The antimitotic assay was performed in 24-well plates according with Moreira et al. (2007). Gamete elimination from L. variegatus was induced by injecting 3.0 mL of 0.5 M KCl into the urchin's coelomic cavity via the periostomial membrane. Concentrated sperm was collected with a Pasteur pipette and preserved under low temperature until the fertilization. Each well received 1 mL of fertilized egg suspension and extracts (ethyl acetate, acetone and methanol) were added immediately after fertilization (within 2 min) (0.1, 1, 5 and 10 μg mL). Doxorubicin (0.3 μg/mL) and 1.6% DMSO were used as positive and negative controls, respectively.
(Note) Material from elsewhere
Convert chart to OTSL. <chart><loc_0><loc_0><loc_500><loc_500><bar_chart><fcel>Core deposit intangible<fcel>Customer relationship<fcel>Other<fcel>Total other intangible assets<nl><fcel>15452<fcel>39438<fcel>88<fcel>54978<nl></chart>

Plates were then shaken in a constant temperature water bath at 26 ± 2°C. At appropriate times, aliquots of 100 μL were fixed with 10% formaldehyde to obtain first and third cleavages and blastulae. One hundred eggs or embryos per well were counted in order to calculate IC50 values.

In vivo ANTITUMOR EVALUATION

Fifty healthy male mice (M. musculus) weighing 23-26 g were subcutaneously implanted with nine-day-old Sarcoma 180 ascites tumor cells (2 x 106 cells/0.5 mL) into the left hind groin of the mice. On the next day, they were randomly separated into five groups (n = 10 each) to receive stem extracts (ethyl acetate, acetone and methanol dissolved in 0.9% saline) at the dose of 250 mg/kg/day. In contrast, negative and positive controls received saline and 5-Fu (50 mg/kg/day), respectively, all administered intraperitoneally for 7 days.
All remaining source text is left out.